From Recode, November 3:
The social network is scaling back facial recognition, but similar technology could show up in the metaverse.
Facebook says it will stop using facial recognition for photo-tagging. In a Monday blog post, Meta, the social network’s new parent company, announced that the platform will delete the facial templates of more than a billion people and shut off its facial recognition software, which uses an algorithm to identify people in photos they upload to Facebook. This decision represents a major step for the movement against facial recognition, which experts and activists have warned is plagued with bias and privacy problems.
But Meta’s announcement comes with a couple of big caveats. While Meta says that facial recognition isn’t a feature on Instagram and its Portal devices, the company’s new commitment doesn’t apply to its metaverse products, Meta spokesperson Jason Grosse told Recode. In fact, Meta is already exploring ways to incorporate biometrics into its emerging metaverse business, which aims to build a virtual, internet-based simulation where people can interact as avatars. Meta is also keeping DeepFace, the sophisticated algorithm that powers its photo-tagging facial recognition feature.
“We believe this technology has the potential to enable positive use cases in the future that maintain privacy, control, and transparency, and it’s an approach we’ll continue to explore as we consider how our future computing platforms and devices can best serve people’s needs,” Grosse told Recode. “For any potential future applications of technologies like this, we’ll continue to be public about intended use, how people can have control over these systems and their personal data, and how we’re living up to our responsible innovation framework.”
That facial recognition for photo-tagging is leaving Facebook, also known as the “big blue app,” is certainly significant. Facebook originally launched this tool in 2010 to make its photo-tagging feature more popular. The idea was that letting an algorithm automatically suggest tagging a particular person in a photo would make it easier than manually tagging them and, perhaps, encourage more people to tag their friends. The software is informed by the photos people post of themselves, which Facebook uses to create unique facial templates tied to their profiles.

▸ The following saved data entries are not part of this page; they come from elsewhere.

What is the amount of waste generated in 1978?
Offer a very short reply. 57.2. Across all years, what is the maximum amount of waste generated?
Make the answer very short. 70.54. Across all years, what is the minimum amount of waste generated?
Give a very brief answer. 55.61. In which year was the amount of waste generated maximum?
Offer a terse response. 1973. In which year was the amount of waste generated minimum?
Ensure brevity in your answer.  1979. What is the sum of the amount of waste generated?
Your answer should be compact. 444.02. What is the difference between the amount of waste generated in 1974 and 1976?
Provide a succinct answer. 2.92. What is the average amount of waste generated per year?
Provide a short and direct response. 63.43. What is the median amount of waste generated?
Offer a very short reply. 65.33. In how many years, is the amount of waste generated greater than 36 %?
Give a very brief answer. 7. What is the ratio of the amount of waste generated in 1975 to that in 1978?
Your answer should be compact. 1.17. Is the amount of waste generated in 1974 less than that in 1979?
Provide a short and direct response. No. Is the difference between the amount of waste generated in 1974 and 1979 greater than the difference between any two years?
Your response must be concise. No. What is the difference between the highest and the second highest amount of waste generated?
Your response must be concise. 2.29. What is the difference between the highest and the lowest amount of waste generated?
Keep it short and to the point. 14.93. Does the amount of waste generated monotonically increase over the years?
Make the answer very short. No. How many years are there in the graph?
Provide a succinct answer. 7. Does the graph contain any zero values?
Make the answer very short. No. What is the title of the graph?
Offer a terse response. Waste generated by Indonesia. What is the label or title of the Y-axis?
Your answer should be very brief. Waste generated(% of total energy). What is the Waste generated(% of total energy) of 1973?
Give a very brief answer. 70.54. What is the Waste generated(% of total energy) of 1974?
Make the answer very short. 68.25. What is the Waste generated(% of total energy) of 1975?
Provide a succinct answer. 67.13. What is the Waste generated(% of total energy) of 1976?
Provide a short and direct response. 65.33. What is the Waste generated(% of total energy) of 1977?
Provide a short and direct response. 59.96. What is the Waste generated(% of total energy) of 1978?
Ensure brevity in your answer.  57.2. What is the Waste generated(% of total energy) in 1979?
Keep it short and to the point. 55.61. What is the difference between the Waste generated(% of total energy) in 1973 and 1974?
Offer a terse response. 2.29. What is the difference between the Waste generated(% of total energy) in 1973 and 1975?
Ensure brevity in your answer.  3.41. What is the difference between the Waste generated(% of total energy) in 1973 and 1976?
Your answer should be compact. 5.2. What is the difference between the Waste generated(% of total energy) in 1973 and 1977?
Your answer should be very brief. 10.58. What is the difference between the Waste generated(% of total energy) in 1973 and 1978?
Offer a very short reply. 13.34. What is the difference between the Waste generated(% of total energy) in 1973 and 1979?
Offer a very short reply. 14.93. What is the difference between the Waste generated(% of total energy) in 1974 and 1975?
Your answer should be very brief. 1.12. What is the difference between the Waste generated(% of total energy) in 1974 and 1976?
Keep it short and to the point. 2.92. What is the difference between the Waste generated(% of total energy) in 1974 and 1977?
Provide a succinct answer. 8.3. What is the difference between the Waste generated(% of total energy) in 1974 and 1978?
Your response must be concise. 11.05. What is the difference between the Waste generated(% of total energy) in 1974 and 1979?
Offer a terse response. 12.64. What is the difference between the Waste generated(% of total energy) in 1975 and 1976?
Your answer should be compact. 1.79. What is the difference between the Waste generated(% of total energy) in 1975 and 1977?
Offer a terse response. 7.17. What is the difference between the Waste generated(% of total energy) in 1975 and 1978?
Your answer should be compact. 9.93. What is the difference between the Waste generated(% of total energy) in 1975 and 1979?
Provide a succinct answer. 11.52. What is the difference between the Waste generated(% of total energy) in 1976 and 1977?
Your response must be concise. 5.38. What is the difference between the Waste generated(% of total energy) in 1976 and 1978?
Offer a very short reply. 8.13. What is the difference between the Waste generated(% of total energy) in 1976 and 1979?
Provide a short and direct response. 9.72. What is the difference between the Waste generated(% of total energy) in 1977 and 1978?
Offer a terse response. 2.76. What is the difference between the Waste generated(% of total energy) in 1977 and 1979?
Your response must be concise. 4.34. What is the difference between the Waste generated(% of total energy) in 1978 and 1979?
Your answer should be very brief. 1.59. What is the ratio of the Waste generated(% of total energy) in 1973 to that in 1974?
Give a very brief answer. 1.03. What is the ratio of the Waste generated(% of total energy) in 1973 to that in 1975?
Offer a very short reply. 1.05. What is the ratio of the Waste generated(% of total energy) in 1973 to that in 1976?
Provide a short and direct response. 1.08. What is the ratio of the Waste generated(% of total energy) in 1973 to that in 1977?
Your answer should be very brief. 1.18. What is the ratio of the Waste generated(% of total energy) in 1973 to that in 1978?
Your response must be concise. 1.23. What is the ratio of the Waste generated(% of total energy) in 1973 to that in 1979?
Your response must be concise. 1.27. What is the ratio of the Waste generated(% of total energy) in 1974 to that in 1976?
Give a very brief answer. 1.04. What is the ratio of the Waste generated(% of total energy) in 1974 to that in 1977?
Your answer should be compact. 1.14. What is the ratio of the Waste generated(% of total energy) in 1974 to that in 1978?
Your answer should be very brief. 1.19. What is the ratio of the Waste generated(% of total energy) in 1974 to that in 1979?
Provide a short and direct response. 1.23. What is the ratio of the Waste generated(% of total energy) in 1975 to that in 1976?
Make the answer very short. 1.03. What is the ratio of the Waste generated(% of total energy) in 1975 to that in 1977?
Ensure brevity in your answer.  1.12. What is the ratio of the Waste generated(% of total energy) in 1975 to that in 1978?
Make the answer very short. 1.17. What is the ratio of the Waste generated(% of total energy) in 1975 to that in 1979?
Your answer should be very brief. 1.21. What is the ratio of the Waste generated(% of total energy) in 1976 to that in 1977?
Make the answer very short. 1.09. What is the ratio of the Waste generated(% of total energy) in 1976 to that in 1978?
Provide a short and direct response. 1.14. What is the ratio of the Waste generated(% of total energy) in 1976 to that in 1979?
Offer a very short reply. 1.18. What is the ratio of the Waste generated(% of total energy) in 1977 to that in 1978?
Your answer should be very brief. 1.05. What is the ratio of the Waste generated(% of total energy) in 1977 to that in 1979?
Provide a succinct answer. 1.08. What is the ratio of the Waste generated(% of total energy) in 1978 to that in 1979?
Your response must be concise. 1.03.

The DeepFace artificial intelligence technology, which was developed from pictures uploaded by Facebook users, helps match people’s facial templates to faces in different photos.
Privacy experts raised concerns immediately after the feature launched. Since then, pivotal studies from researchers like Joy Buolamwini, Timnit Gebru, and Deb Raji have also shown that facial recognition can have baked-in racial and gender bias, and is particularly less accurate for women with darker skin. In response to growing opposition to the technology, Facebook made the facial recognition feature opt-in in 2019. The social media network also agreed to pay a $650 million settlement last year after a lawsuit claimed the tagging tool violated Illinois’s Biometric Information Privacy Act....
....MUCH MORE
Not being a Facebooker I didn't pay much attention to their use of facial recognition," hey, if someone wants to opt-in whatevs", until 2018's "Facebook Is Buying Detailed Data On Users Offline Lives (you can log in but can never log out) FB" and realized "Hell, they're probably tagging every person in every picture whether they use FB or not."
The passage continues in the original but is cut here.